Data items
⁂

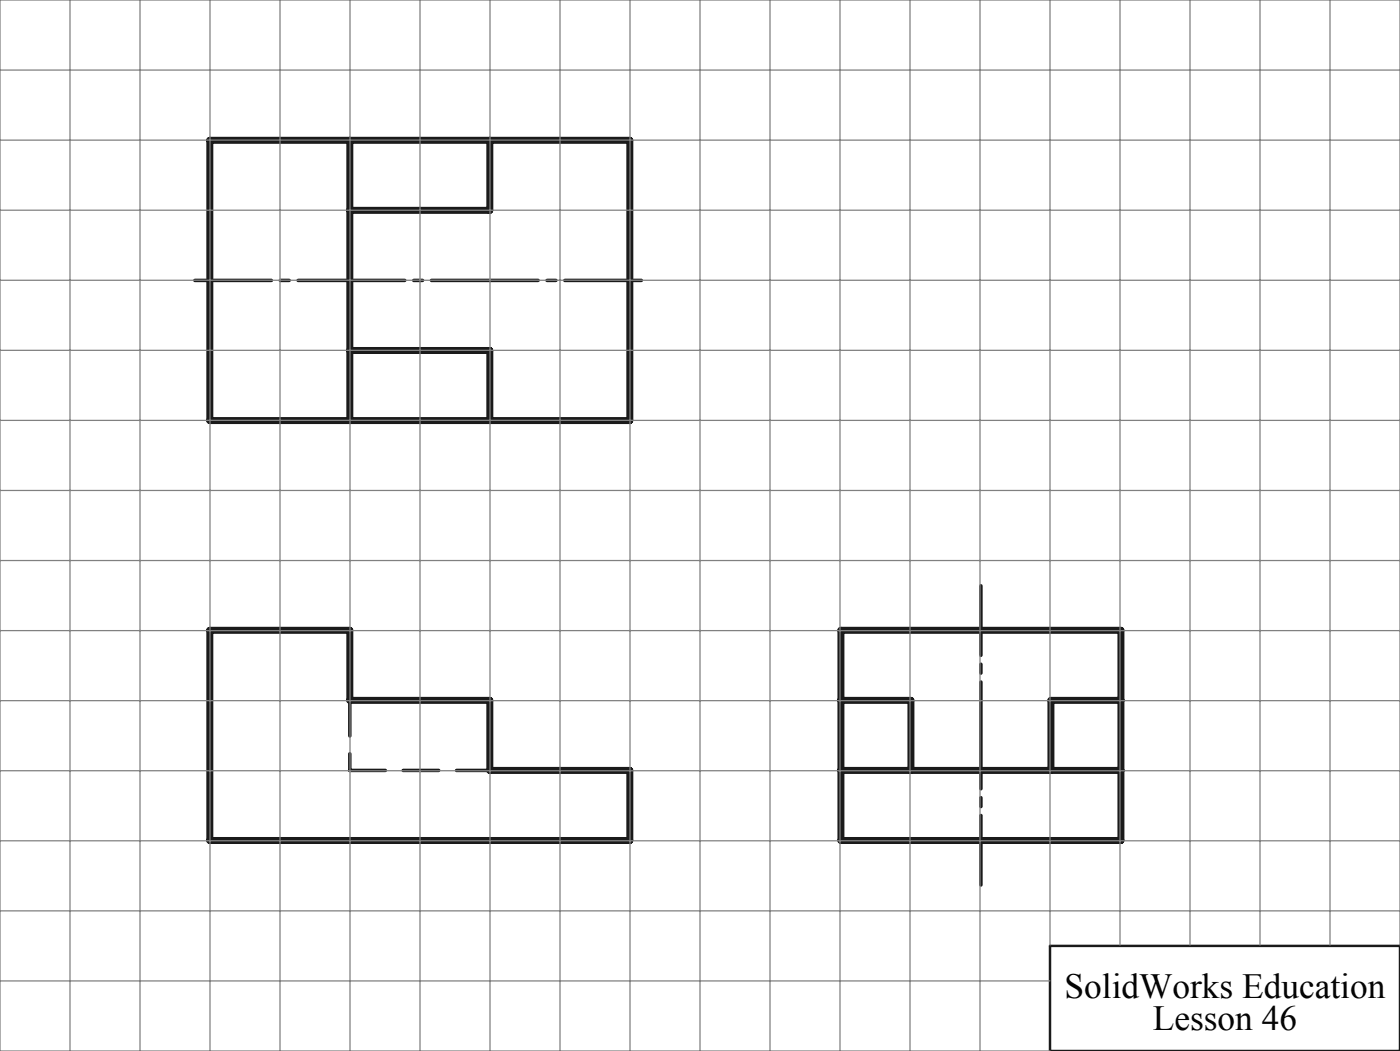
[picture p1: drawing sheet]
<svg xmlns="http://www.w3.org/2000/svg" width="200mm" height="150mm" viewBox="0 0 200 150" stroke-linecap="round" stroke-linejoin="round" font-family="sans-serif">
<defs><g id="words">
<g font-size="5">
<text x="152.1" y="142.4">SolidWorks Education</text>
<text x="164.7" y="147">Lesson 46</text>
</g>
</g></defs>
<path d="M150 135h50v15h-50z" fill="none" stroke="#191924" stroke-width=".35"/>
<path d="M27.8 40h63.8" fill="none" stroke="#191924" stroke-width=".5" stroke-dasharray="15.2 1.3 1.3 1.3" stroke-dashoffset="4.3"/>
<path d="M140.1 83.6v42.7" fill="none" stroke="#191924" stroke-width=".5" stroke-dasharray="15.2 1.3 1.3 1.3" stroke-dashoffset="5.3"/>
<path d="M50 100v10M50 110h20" fill="none" stroke="#191924" stroke-width=".5" stroke-dasharray="5.1 2.5"/>
<path d="M30 20h60v40h-60zM50 20v40M70 20v10h-20M50 50h20v10M30 90h20v10h20v10h20v10h-60zM120.1 90h40v30h-40zM120.1 100h10v10M160.1 100h-10v10M120.1 110h40" fill="none" stroke="#191924" stroke-width="1"/>
<g fill="none" stroke="#808080" stroke-width=".18">
<path d="M0 10h200M10 0v150M20 0v150M30 0v150M40 0v150M50 0v150M60 0v150M70 0v150M80 0v150M90 0v150M100 0v150M110 0v150"/>
<path d="M120 0v150M130 0v150M140 0v150M150 0v134.9M160 0v134.9M170 0v134.9M180 0v134.9M190 0v134.9M0 30h200M0 20h200M0 50h200M0 40h200"/>
<path d="M0 70h200M0 60h200M0 90h200M0 80h200M0 110h200M0 100h200M0 130h200M0 120h200M200 134.9v-134.9h-200v150h150M0 140h150"/>
</g>
<use href="#words"/>
</svg>

⁂

◆ **WHAT YOU WILL DO**: Before copying, set the pictures aside; then give the records again exactly.

◆ **YOUR RESPONSE**:
[picture p1: drawing sheet]
<svg xmlns="http://www.w3.org/2000/svg" width="200mm" height="150mm" viewBox="0 0 200 150" stroke-linecap="round" stroke-linejoin="round" font-family="sans-serif">
<defs><g id="words">
<g font-size="5">
<text x="152.1" y="142.4">SolidWorks Education</text>
<text x="164.7" y="147">Lesson 46</text>
</g>
</g></defs>
<path d="M150 135h50v15h-50z" fill="none" stroke="#191924" stroke-width=".35"/>
<path d="M27.8 40h63.8" fill="none" stroke="#191924" stroke-width=".5" stroke-dasharray="15.2 1.3 1.3 1.3" stroke-dashoffset="4.3"/>
<path d="M140.1 83.6v42.7" fill="none" stroke="#191924" stroke-width=".5" stroke-dasharray="15.2 1.3 1.3 1.3" stroke-dashoffset="5.3"/>
<path d="M50 100v10M50 110h20" fill="none" stroke="#191924" stroke-width=".5" stroke-dasharray="5.1 2.5"/>
<path d="M30 20h60v40h-60zM50 20v40M70 20v10h-20M50 50h20v10M30 90h20v10h20v10h20v10h-60zM120.1 90h40v30h-40zM120.1 100h10v10M160.1 100h-10v10M120.1 110h40" fill="none" stroke="#191924" stroke-width="1"/>
<g fill="none" stroke="#808080" stroke-width=".18">
<path d="M0 10h200M10 0v150M20 0v150M30 0v150M40 0v150M50 0v150M60 0v150M70 0v150M80 0v150M90 0v150M100 0v150M110 0v150"/>
<path d="M120 0v150M130 0v150M140 0v150M150 0v134.9M160 0v134.9M170 0v134.9M180 0v134.9M190 0v134.9M0 30h200M0 20h200M0 50h200M0 40h200"/>
<path d="M0 70h200M0 60h200M0 90h200M0 80h200M0 110h200M0 100h200M0 130h200M0 120h200M200 134.9v-134.9h-200v150h150M0 140h150"/>
</g>
<use href="#words"/>
</svg>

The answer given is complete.